In town bird feeding seems to have become more popular as well which may have masked any decrease in the areas I see. (Though I do know that a lot of bird feeders have a hawk watching them It's sort of a buffet line for them.)
(Score: 2) by Phoenix666 on Monday September 23 2019, @12:54PM (2 children)
"Disappearance of meadows and prairies, expansion of farmlands" is a canard often repeated by misanthropes. The arable land in America was long since cultivated. There aren't people out there clearing forests now like they did in the 1800's. If anything, it's farmland that's shrinking as suburbs expand.
So clearing land is just not a factor. Pesticides may be responsible. Some research says they are, others differ. We have precedent that says changing our pesticides can affect wildlife, such as when we banned DDT and birds recovered.
There's a countervailing phenomenon that TFA didn't mention: wildlife is re-colonizing our cities. In Brooklyn there are robust colonies of monk parakeets. Peregrine falcons nest in Central Park. Bald eagles have begun nesting in Inwood Park at the tip of Manhattan. Coyotes have been seen in neighborhoods in the Bronx. Racoons have been raiding the trash in Sunset Park, in Brooklyn.
We have this idea that if there are humans, nothing else can survive, but the wildlife moving back into our cities, even our biggest, busiest, loudest cities, seem to be telling us something different. Perhaps species adapt to new pressures and learn to exploit new circumstances.
Washington DC delenda est.
(Score: 0) by Anonymous Coward on Monday September 23 2019, @02:56PM (1 child)

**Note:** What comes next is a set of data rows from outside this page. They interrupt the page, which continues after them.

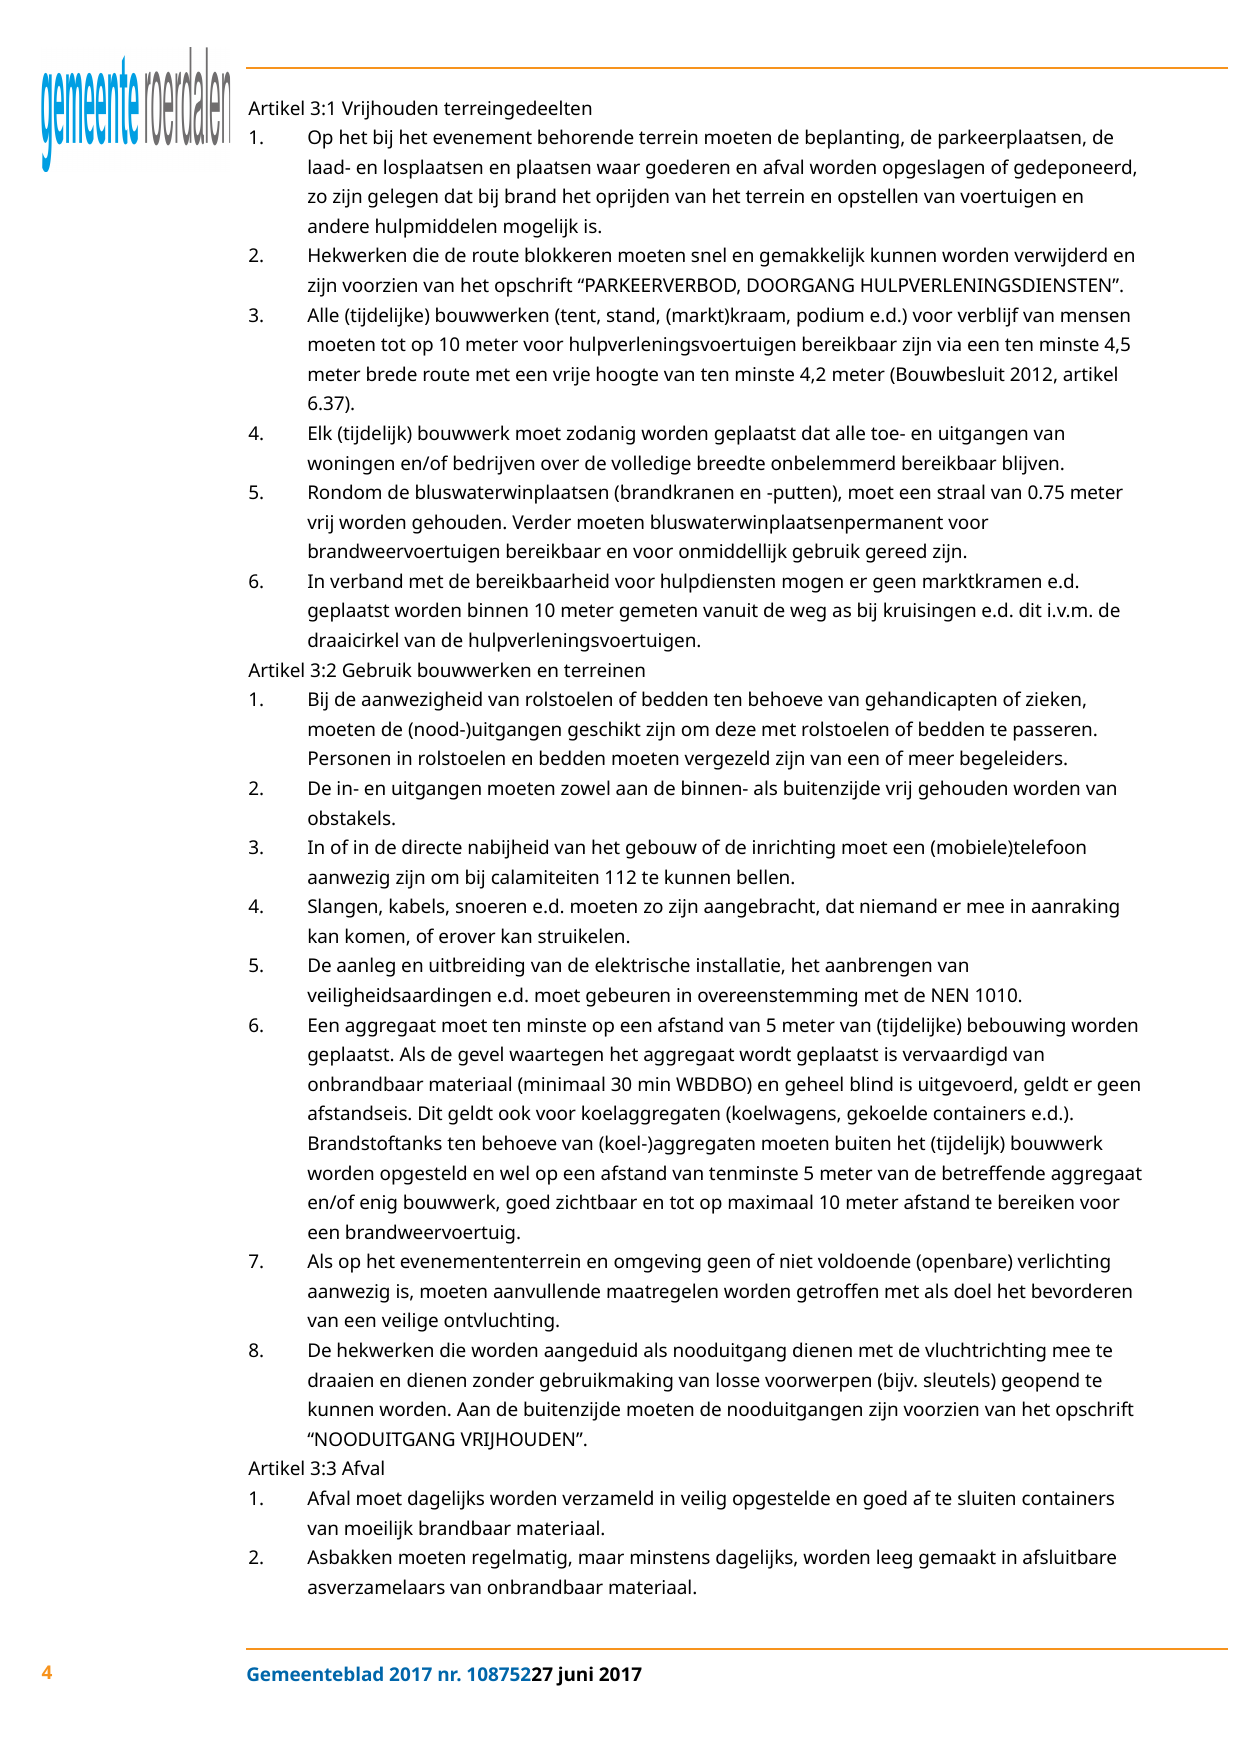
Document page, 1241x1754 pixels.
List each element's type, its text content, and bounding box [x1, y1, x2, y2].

text Artikel 3:1 Vrijhouden terreingedeelten [248, 95, 1152, 121]
picture [41, 134, 48, 172]
list Alle (tijdelijke) bouwwerken (tent, stand, (markt)kraam, podium e.d.) voor verblijf van mensen moeten tot op 10 meter voor hulpverleningsvoertuigen bereikbaar zijn via een ten minste 4,5 meter brede route met een vrije hoogte van ten minste 4,2 meter (Bouwbesluit 2012, artikel 6.37). [248, 302, 1152, 416]
text Artikel 3:2 Gebruik bouwwerken en terreinen [248, 657, 1152, 683]
list De aanleg en uitbreiding van de elektrische installatie, het aanbrengen van veiligheidsaardingen e.d. moet gebeuren in overeenstemming met de NEN 1010. [248, 953, 1152, 1008]
list De in- en uitgangen moeten zowel aan de binnen- als buitenzijde vrij gehouden worden van obstakels. [248, 775, 1152, 831]
list Rondom de bluswaterwinplaatsen (brandkranen en -putten), moet een straal van 0.75 meter vrij worden gehouden. Verder moeten bluswaterwinplaatsenpermanent voor brandweervoertuigen bereikbaar en voor onmiddellijk gebruik gereed zijn. [248, 479, 1152, 564]
text Artikel 3:3 Afval [248, 1456, 1152, 1481]
list Afval moet dagelijks worden verzameld in veilig opgestelde en goed af te sluiten containers van moeilijk brandbaar materiaal. [248, 1485, 1152, 1541]
list Slangen, kabels, snoeren e.d. moeten zo zijn aangebracht, dat niemand er mee in aanraking kan komen, of erover kan struikelen. [248, 893, 1152, 949]
list Een aggregaat moet ten minste op een afstand van 5 meter van (tijdelijke) bebouwing worden geplaatst. Als de gevel waartegen het aggregaat wordt geplaatst is vervaardigd van onbrandbaar materiaal (minimaal 30 min WBDBO) en geheel blind is uitgevoerd, geldt er geen afstandseis. Dit geldt ook voor koelaggregaten (koelwagens, gekoelde containers e.d.). Brandstoftanks ten behoeve van (koel-)aggregaten moeten buiten het (tijdelijk) bouwwerk worden opgesteld en wel op een afstand van tenminste 5 meter van de betreffende aggregaat en/of enig bouwwerk, goed zichtbaar en tot op maximaal 10 meter afstand te bereiken voor een brandweervoertuig. [248, 1012, 1152, 1245]
list In of in de directe nabijheid van het gebouw of de inrichting moet een (mobiele)telefoon aanwezig zijn om bij calamiteiten 112 te kunnen bellen. [248, 834, 1152, 890]
picture [41, 47, 231, 172]
list Als op het evenemententerrein en omgeving geen of niet voldoende (openbare) verlichting aanwezig is, moeten aanvullende maatregelen worden getroffen met als doel het bevorderen van een veilige ontvluchting. [248, 1248, 1152, 1333]
list In verband met de bereikbaarheid voor hulpdiensten mogen er geen marktkramen e.d. geplaatst worden binnen 10 meter gemeten vanuit de weg as bij kruisingen e.d. dit i.v.m. de draaicirkel van de hulpverleningsvoertuigen. [248, 568, 1152, 653]
list Asbakken moeten regelmatig, maar minstens dagelijks, worden leeg gemaakt in afsluitbare asverzamelaars van onbrandbaar materiaal. [248, 1544, 1152, 1600]
list Bij de aanwezigheid van rolstoelen of bedden ten behoeve van gehandicapten of zieken, moeten de (nood-)uitgangen geschikt zijn om deze met rolstoelen of bedden te passeren. Personen in rolstoelen en bedden moeten vergezeld zijn van een of meer begeleiders. [248, 686, 1152, 771]
list De hekwerken die worden aangeduid als nooduitgang dienen met de vluchtrichting mee te draaien en dienen zonder gebruikmaking van losse voorwerpen (bijv. sleutels) geopend te kunnen worden. Aan de buitenzijde moeten de nooduitgangen zijn voorzien van het opschrift “NOODUITGANG VRIJHOUDEN”. [248, 1337, 1152, 1452]
list Elk (tijdelijk) bouwwerk moet zodanig worden geplaatst dat alle toe- en uitgangen van woningen en/of bedrijven over de volledige breedte onbelemmerd bereikbaar blijven. [248, 420, 1152, 476]
list Hekwerken die de route blokkeren moeten snel en gemakkelijk kunnen worden verwijderd en zijn voorzien van het opschrift “PARKEERVERBOD, DOORGANG HULPVERLENINGSDIENSTEN”. [248, 243, 1152, 298]
list Op het bij het evenement behorende terrein moeten de beplanting, de parkeerplaatsen, de laad- en losplaatsen en plaatsen waar goederen en afval worden opgeslagen of gedeponeerd, zo zijn gelegen dat bij brand het oprijden van het terrein en opstellen van voertuigen en andere hulpmiddelen mogelijk is. [248, 124, 1152, 239]

Wow, there is some seriously disturbed level of anti-environment bullshit. Housing and farms have been increasing steadily just about everywhere. You should probably put the keyboard down and find some other hobbies.
(Score: 1) by khallow on Tuesday September 24 2019, @01:44PM
You might have missed this phrase:
And Phoenix666 was right about farmland too. From this article [ufl.edu].
The author was later off by an order of magnitude due to bad math (0.7% decline, not a 7% decline), but it is still a decline.
Truth is an absolute defense against nonsensical claims of "anti-environment bullshit".
What I think is relevant is that farmland is probably more intensively exploited than it was a few decades ago. They've probably ended a number of feeding opportunities for birds over the years.